The boring failures are expensive

The failures that waste review time are rarely cinematic.

They are boring:

the agent starts a second dev server on a port already in use
the test suite passes once and flakes on rerun
a workflow has broad permissions nobody noticed
an MCP config points at a stale local command
JSON config drift breaks a path outside the task
the PR body says “verified” without naming the actual proof
the next agent cannot tell what the previous one checked

None of these require a smarter frontier model to avoid.

They require the workflow to ask better deterministic questions earlier.

That is why I think the next layer of agent quality will look less like one giant agent brain and more like a belt of boring local instruments.

The model handles judgment, synthesis, and code generation. The harness handles repeatability, evidence, and blast radius.

Preflight is where speed compounds

People often treat preflight as drag because they compare it against the fantasy version of agent speed.

In the fantasy version, the agent reads the task, changes the code, runs the right checks, and lands a clean PR.

In the real version, the human often pays later. They reconstruct why a check was skipped. They ask which server was running. They discover the agent tested against the wrong fixture. They reread a polished handoff that does not include the one artifact they needed.

Preflight moves some of that cost forward, where it is cheaper.

Agent-first

✗Start from chat intent
✗Discover risks while editing
✗Checks happen after the patch
✗Reviewer reconstructs context
✗Speed depends on trust

Preflight-first

✓Start from scoped context
✓Expose risks before edits
✓Checks shape the plan
✓Reviewer sees evidence
✓Speed depends on receipts

That is the compounding effect.

The first run gets cleaner. The review gets faster. The next agent starts with better artifacts. The team stops arguing about whether the model sounded convincing and starts inspecting whether the system produced enough evidence.

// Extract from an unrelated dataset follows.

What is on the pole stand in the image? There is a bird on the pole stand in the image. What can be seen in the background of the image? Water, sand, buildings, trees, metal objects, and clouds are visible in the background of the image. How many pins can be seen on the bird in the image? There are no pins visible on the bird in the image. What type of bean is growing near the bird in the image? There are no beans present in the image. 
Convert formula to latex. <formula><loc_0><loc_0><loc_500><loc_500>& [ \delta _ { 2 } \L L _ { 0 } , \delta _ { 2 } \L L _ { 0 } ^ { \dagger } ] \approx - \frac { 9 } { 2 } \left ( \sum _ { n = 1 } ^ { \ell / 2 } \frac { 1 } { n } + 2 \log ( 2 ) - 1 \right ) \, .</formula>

The founder/operator angle

This matters strategically because agent adoption is going to create a lot of fake velocity.

Teams will produce more diffs. More PRs. More summaries. More demos. More apparent motion.

The scarce thing will be trusted throughput.

Can the organization absorb the work without drowning reviewers? Can it keep security boundaries legible? Can it understand what the agent did after the original context is gone? Can it stop a low-quality run before it becomes a high-confidence PR?

That is not a model leaderboard problem.

It is an operations problem.

And operations problems are where small, boring tools can become leverage.

This connects directly to why I keep writing about deterministic agents, review queues instead of chat windows, and proof before publish. The pattern is the same: do not make the human trust a vibe when the system can produce a receipt.

The useful default

My default now is simple:

Before giving an agent more autonomy, give it a better runway.

A scoped brief. A repo map. A clean worktree. A port map. A config check. A CI risk scan. A flake check when the risk calls for it. A proof bundle at the end.

Not all of that for every task. That would be silly.

But enough preflight that the agent is not guessing about the floor beneath it.

The future of AI software quality is not only bigger context windows or more capable models.

It is better preparation.

Preflight is where agent quality actually starts because it turns the first move from improvisation into engineering.